• [EXERCISE PROMPT] Check the entries below for lines with "Keep"; report only how many there are.

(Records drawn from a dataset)
-*-

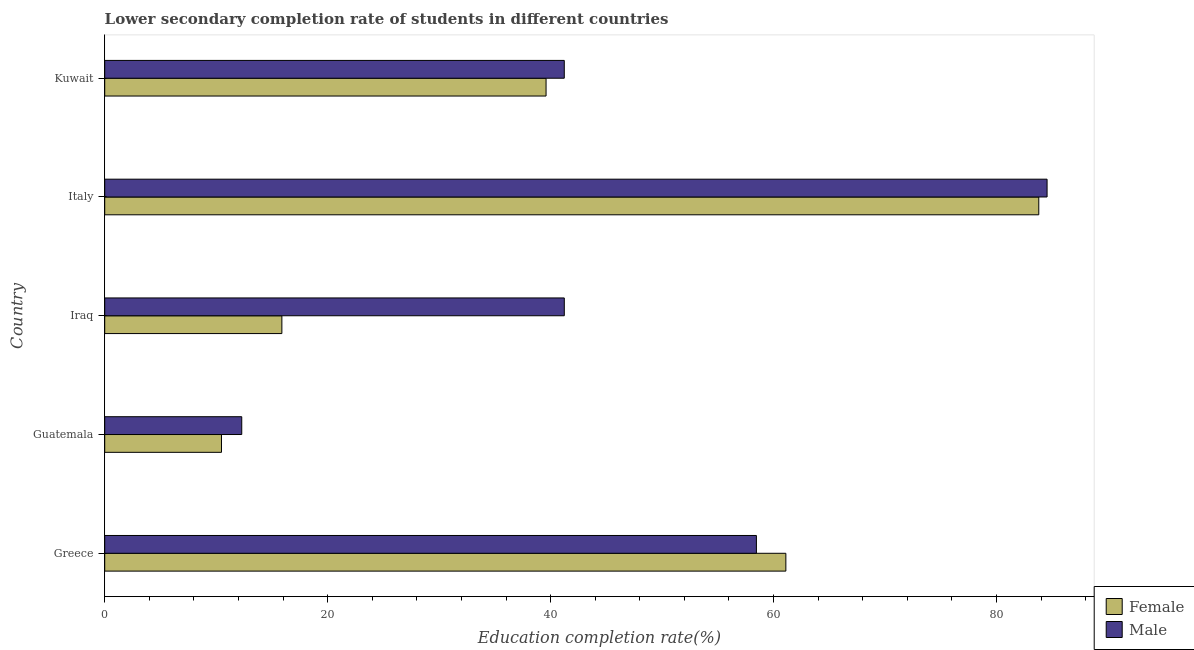How many different coloured bars are there?
Offer a very short reply. 2. How many bars are there on the 1st tick from the top?
Keep it short and to the point. 2. What is the label of the 5th group of bars from the top?
Provide a succinct answer. Greece. In how many cases, is the number of bars for a given country not equal to the number of legend labels?
Make the answer very short. 0. What is the education completion rate of male students in Greece?
Make the answer very short. 58.46. Across all countries, what is the maximum education completion rate of male students?
Keep it short and to the point. 84.54. Across all countries, what is the minimum education completion rate of male students?
Provide a succinct answer. 12.29. In which country was the education completion rate of female students minimum?
Keep it short and to the point. Guatemala. What is the total education completion rate of male students in the graph?
Offer a very short reply. 237.75. What is the difference between the education completion rate of male students in Iraq and that in Italy?
Offer a terse response. -43.31. What is the difference between the education completion rate of female students in Kuwait and the education completion rate of male students in Italy?
Your response must be concise. -44.94. What is the average education completion rate of male students per country?
Your answer should be very brief. 47.55. What is the difference between the education completion rate of female students and education completion rate of male students in Guatemala?
Your response must be concise. -1.82. What is the ratio of the education completion rate of male students in Greece to that in Iraq?
Your answer should be very brief. 1.42. What is the difference between the highest and the second highest education completion rate of female students?
Your answer should be very brief. 22.69. What is the difference between the highest and the lowest education completion rate of male students?
Make the answer very short. 72.24. What does the 1st bar from the bottom in Greece represents?
Your answer should be very brief. Female. How many bars are there?
Your answer should be very brief. 10. What is the difference between two consecutive major ticks on the X-axis?
Provide a short and direct response. 20. Are the values on the major ticks of X-axis written in scientific E-notation?
Make the answer very short. No. Does the graph contain any zero values?
Give a very brief answer. No. Where does the legend appear in the graph?
Your response must be concise. Bottom right. What is the title of the graph?
Your answer should be very brief. Lower secondary completion rate of students in different countries. What is the label or title of the X-axis?
Offer a very short reply. Education completion rate(%). What is the Education completion rate(%) in Female in Greece?
Provide a short and direct response. 61.1. What is the Education completion rate(%) in Male in Greece?
Offer a terse response. 58.46. What is the Education completion rate(%) of Female in Guatemala?
Offer a very short reply. 10.47. What is the Education completion rate(%) of Male in Guatemala?
Give a very brief answer. 12.29. What is the Education completion rate(%) of Female in Iraq?
Ensure brevity in your answer.  15.89. What is the Education completion rate(%) in Male in Iraq?
Keep it short and to the point. 41.23. What is the Education completion rate(%) of Female in Italy?
Make the answer very short. 83.79. What is the Education completion rate(%) of Male in Italy?
Offer a terse response. 84.54. What is the Education completion rate(%) in Female in Kuwait?
Offer a terse response. 39.59. What is the Education completion rate(%) in Male in Kuwait?
Make the answer very short. 41.23. Across all countries, what is the maximum Education completion rate(%) of Female?
Your response must be concise. 83.79. Across all countries, what is the maximum Education completion rate(%) of Male?
Your answer should be very brief. 84.54. Across all countries, what is the minimum Education completion rate(%) of Female?
Make the answer very short. 10.47. Across all countries, what is the minimum Education completion rate(%) of Male?
Provide a short and direct response. 12.29. What is the total Education completion rate(%) of Female in the graph?
Make the answer very short. 210.86. What is the total Education completion rate(%) of Male in the graph?
Offer a terse response. 237.75. What is the difference between the Education completion rate(%) in Female in Greece and that in Guatemala?
Your response must be concise. 50.63. What is the difference between the Education completion rate(%) in Male in Greece and that in Guatemala?
Give a very brief answer. 46.17. What is the difference between the Education completion rate(%) in Female in Greece and that in Iraq?
Your response must be concise. 45.21. What is the difference between the Education completion rate(%) in Male in Greece and that in Iraq?
Keep it short and to the point. 17.23. What is the difference between the Education completion rate(%) in Female in Greece and that in Italy?
Your response must be concise. -22.69. What is the difference between the Education completion rate(%) of Male in Greece and that in Italy?
Your response must be concise. -26.07. What is the difference between the Education completion rate(%) of Female in Greece and that in Kuwait?
Keep it short and to the point. 21.51. What is the difference between the Education completion rate(%) in Male in Greece and that in Kuwait?
Your answer should be very brief. 17.24. What is the difference between the Education completion rate(%) of Female in Guatemala and that in Iraq?
Offer a terse response. -5.42. What is the difference between the Education completion rate(%) in Male in Guatemala and that in Iraq?
Make the answer very short. -28.93. What is the difference between the Education completion rate(%) in Female in Guatemala and that in Italy?
Offer a terse response. -73.32. What is the difference between the Education completion rate(%) of Male in Guatemala and that in Italy?
Your answer should be very brief. -72.24. What is the difference between the Education completion rate(%) of Female in Guatemala and that in Kuwait?
Your answer should be compact. -29.12. What is the difference between the Education completion rate(%) in Male in Guatemala and that in Kuwait?
Your answer should be compact. -28.93. What is the difference between the Education completion rate(%) in Female in Iraq and that in Italy?
Your answer should be compact. -67.9. What is the difference between the Education completion rate(%) in Male in Iraq and that in Italy?
Provide a short and direct response. -43.31. What is the difference between the Education completion rate(%) of Female in Iraq and that in Kuwait?
Offer a very short reply. -23.7. What is the difference between the Education completion rate(%) of Male in Iraq and that in Kuwait?
Keep it short and to the point. 0. What is the difference between the Education completion rate(%) in Female in Italy and that in Kuwait?
Make the answer very short. 44.2. What is the difference between the Education completion rate(%) of Male in Italy and that in Kuwait?
Make the answer very short. 43.31. What is the difference between the Education completion rate(%) of Female in Greece and the Education completion rate(%) of Male in Guatemala?
Provide a succinct answer. 48.81. What is the difference between the Education completion rate(%) of Female in Greece and the Education completion rate(%) of Male in Iraq?
Your response must be concise. 19.88. What is the difference between the Education completion rate(%) of Female in Greece and the Education completion rate(%) of Male in Italy?
Your answer should be very brief. -23.43. What is the difference between the Education completion rate(%) of Female in Greece and the Education completion rate(%) of Male in Kuwait?
Provide a short and direct response. 19.88. What is the difference between the Education completion rate(%) of Female in Guatemala and the Education completion rate(%) of Male in Iraq?
Give a very brief answer. -30.75. What is the difference between the Education completion rate(%) of Female in Guatemala and the Education completion rate(%) of Male in Italy?
Provide a short and direct response. -74.06. What is the difference between the Education completion rate(%) of Female in Guatemala and the Education completion rate(%) of Male in Kuwait?
Provide a succinct answer. -30.75. What is the difference between the Education completion rate(%) in Female in Iraq and the Education completion rate(%) in Male in Italy?
Provide a short and direct response. -68.64. What is the difference between the Education completion rate(%) of Female in Iraq and the Education completion rate(%) of Male in Kuwait?
Your answer should be compact. -25.33. What is the difference between the Education completion rate(%) of Female in Italy and the Education completion rate(%) of Male in Kuwait?
Provide a succinct answer. 42.57. What is the average Education completion rate(%) of Female per country?
Give a very brief answer. 42.17. What is the average Education completion rate(%) of Male per country?
Ensure brevity in your answer.  47.55. What is the difference between the Education completion rate(%) in Female and Education completion rate(%) in Male in Greece?
Ensure brevity in your answer.  2.64. What is the difference between the Education completion rate(%) of Female and Education completion rate(%) of Male in Guatemala?
Your answer should be compact. -1.82. What is the difference between the Education completion rate(%) of Female and Education completion rate(%) of Male in Iraq?
Your answer should be very brief. -25.34. What is the difference between the Education completion rate(%) of Female and Education completion rate(%) of Male in Italy?
Your response must be concise. -0.74. What is the difference between the Education completion rate(%) in Female and Education completion rate(%) in Male in Kuwait?
Ensure brevity in your answer.  -1.63. What is the ratio of the Education completion rate(%) of Female in Greece to that in Guatemala?
Give a very brief answer. 5.83. What is the ratio of the Education completion rate(%) of Male in Greece to that in Guatemala?
Offer a terse response. 4.76. What is the ratio of the Education completion rate(%) in Female in Greece to that in Iraq?
Your response must be concise. 3.84. What is the ratio of the Education completion rate(%) in Male in Greece to that in Iraq?
Your response must be concise. 1.42. What is the ratio of the Education completion rate(%) of Female in Greece to that in Italy?
Your response must be concise. 0.73. What is the ratio of the Education completion rate(%) in Male in Greece to that in Italy?
Make the answer very short. 0.69. What is the ratio of the Education completion rate(%) of Female in Greece to that in Kuwait?
Offer a terse response. 1.54. What is the ratio of the Education completion rate(%) of Male in Greece to that in Kuwait?
Provide a succinct answer. 1.42. What is the ratio of the Education completion rate(%) in Female in Guatemala to that in Iraq?
Provide a succinct answer. 0.66. What is the ratio of the Education completion rate(%) in Male in Guatemala to that in Iraq?
Provide a succinct answer. 0.3. What is the ratio of the Education completion rate(%) in Female in Guatemala to that in Italy?
Offer a very short reply. 0.12. What is the ratio of the Education completion rate(%) of Male in Guatemala to that in Italy?
Your answer should be very brief. 0.15. What is the ratio of the Education completion rate(%) in Female in Guatemala to that in Kuwait?
Provide a succinct answer. 0.26. What is the ratio of the Education completion rate(%) in Male in Guatemala to that in Kuwait?
Provide a succinct answer. 0.3. What is the ratio of the Education completion rate(%) in Female in Iraq to that in Italy?
Offer a terse response. 0.19. What is the ratio of the Education completion rate(%) in Male in Iraq to that in Italy?
Provide a short and direct response. 0.49. What is the ratio of the Education completion rate(%) of Female in Iraq to that in Kuwait?
Give a very brief answer. 0.4. What is the ratio of the Education completion rate(%) of Female in Italy to that in Kuwait?
Give a very brief answer. 2.12. What is the ratio of the Education completion rate(%) of Male in Italy to that in Kuwait?
Your response must be concise. 2.05. What is the difference between the highest and the second highest Education completion rate(%) in Female?
Ensure brevity in your answer.  22.69. What is the difference between the highest and the second highest Education completion rate(%) of Male?
Give a very brief answer. 26.07. What is the difference between the highest and the lowest Education completion rate(%) of Female?
Offer a terse response. 73.32. What is the difference between the highest and the lowest Education completion rate(%) in Male?
Your response must be concise. 72.24.

-*-

• [WRITTEN ANSWER] 7